L'incontro dei sindacati verterà sul capire se il Comune di Rovigo, proprietario dell'immobile di Casa Serena, può intervenire economicamente sulla situazione di Iras, sulla stedura di un piano industriale concreto che possa dare garanzie non solo nel presente, ma per un medio termine in grado da rilanciare l’ente, perchè al momento, dopo un passaggio in commissione consigliare ed un consiglio comunale monotematico, non si è ancora trovata una strada che porti ad una soluzione chiara del problema.

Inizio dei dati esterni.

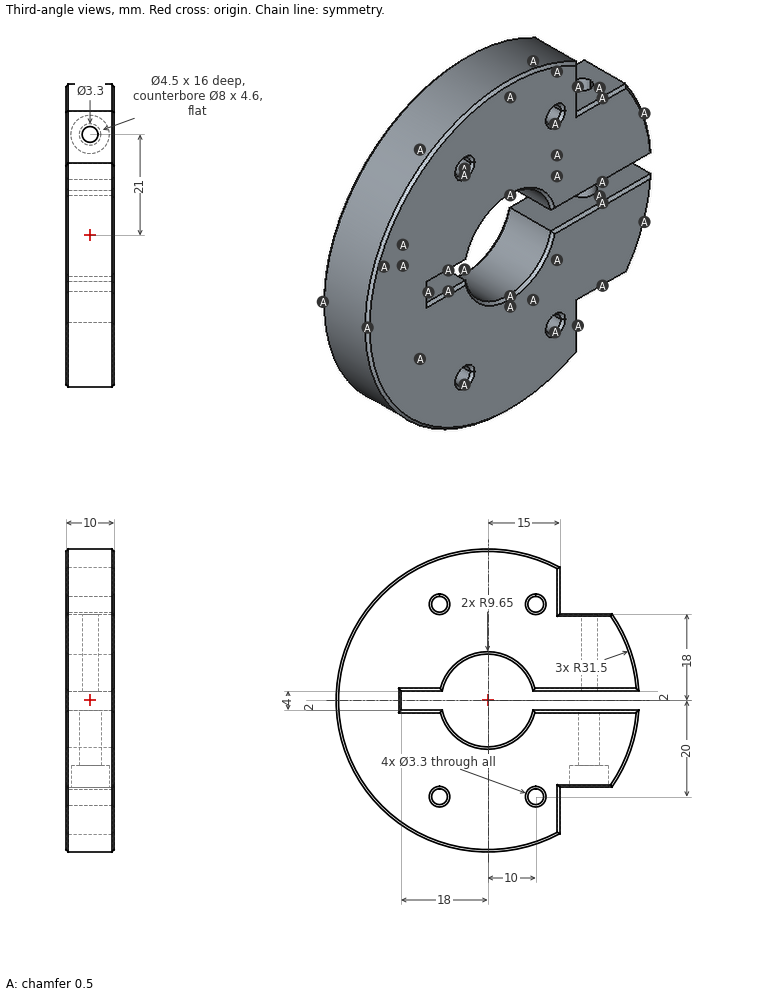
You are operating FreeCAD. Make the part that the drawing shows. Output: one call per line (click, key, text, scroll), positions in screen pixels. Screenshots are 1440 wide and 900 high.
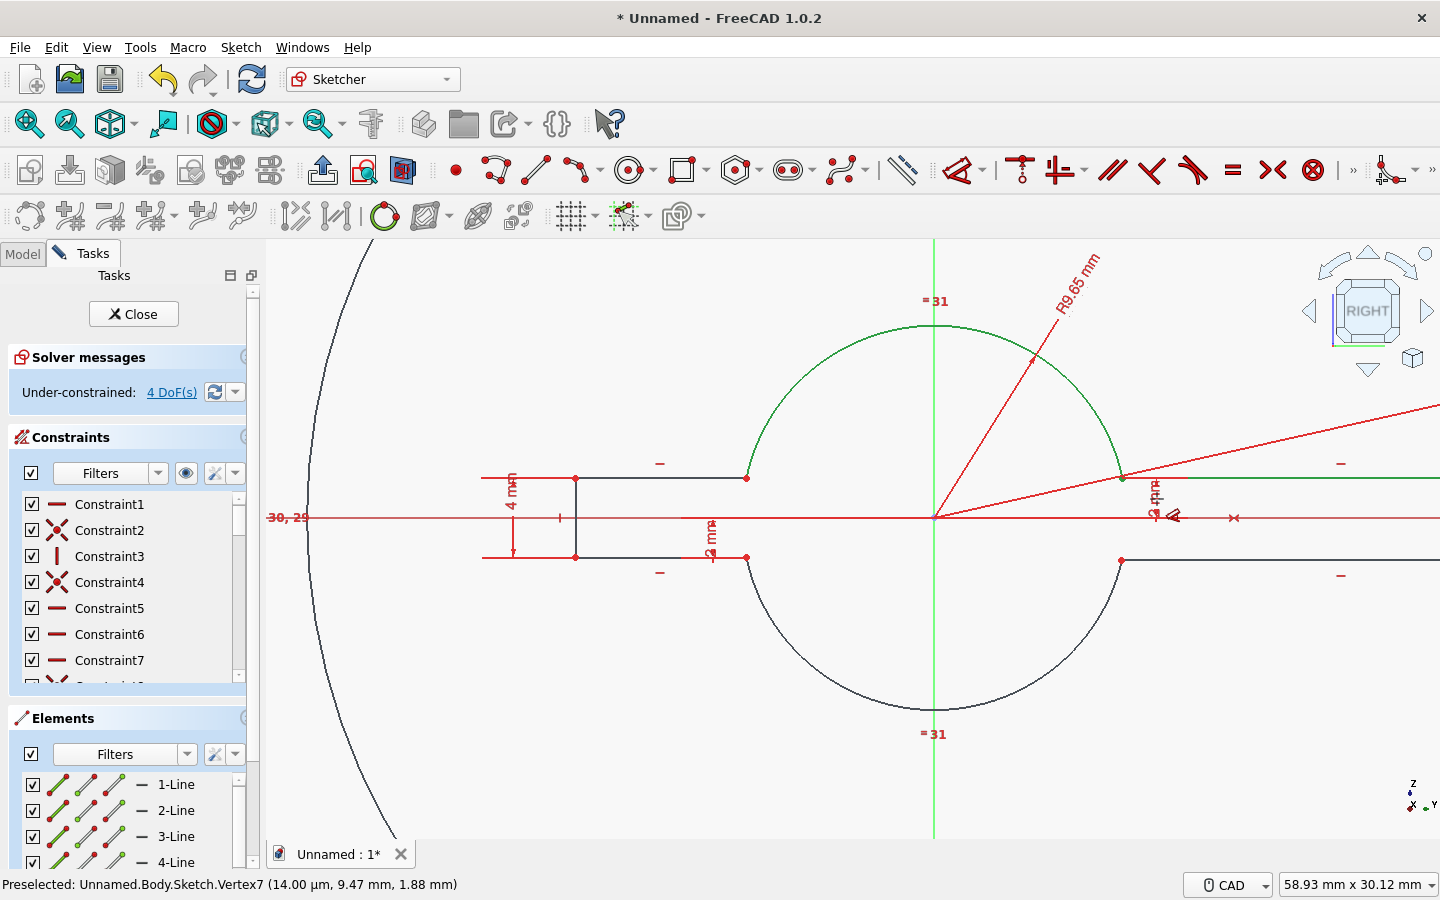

"La Regione del Veneto ha commissariato l’Ente nel lontano 2016 a seguito delle dimissioni del Cda nominato dall’allora sindaco Massimo Bergamin, poi sfiduciato. E, prima l’avv. Tiziana Stella, poi l’ing. Fasiol ed infine l’avv. Ezio Zanon hanno cercato di imbastire un progetto rimasto più nelle intenzioni che sulla carta" ricordano i sindacati.
“Siamo di fronte ad una situazione abbastanza paradossale: oltre 200 lavoratori, di cui molti precari, che pur garantendo servizi di qualità agli anziani sono a rischio di non prendere lo stipendio, dall’altro lato le istituzioni preposte: Comune e Regione che si rimpallano il fatto di dover intervenire e metterci i soldi per sanare i debiti. Siamo molto preoccupati per le sorti di questo ente, infatti stiamo organizzando sit in e presenze nei mercati per dare evidenza che nessuno si deve dimenticare dei sacrifici di queste lavoratrici e di questi lavoratori” afferma Cristiano Pavarin, segretario generale della Uil Fpl di Rovigo.

L’appuntamento di lunedi prossimo rappresenta quindi, secondo le parti sindacali, un punto di svolta per la vicenda: la calma apparente non sta portando alcun frutto e le distanze fra Sindaco e Commissario appaiono ancora enormi,
“Siamo consapevoli che le parti istituzionali stanno dialogando per un fine positivo comune, afferma Franco Maisto della Cisl Fp – con l’incontro che si terrà a Venezia a Palazzo Balbi lunedi mattina vogliamo chiedere all’assessore Lanzarin che noi rappresentiamo 200 famiglie di lavoratrici ma anche oltre 300 famiglie di ospiti e che la città di Rovigo ha necessità assoluta di mantenere l’IRAS una struttura pubblica con un investimento di risorse che la rilanci e ne potenzi l’offerta di servizi”.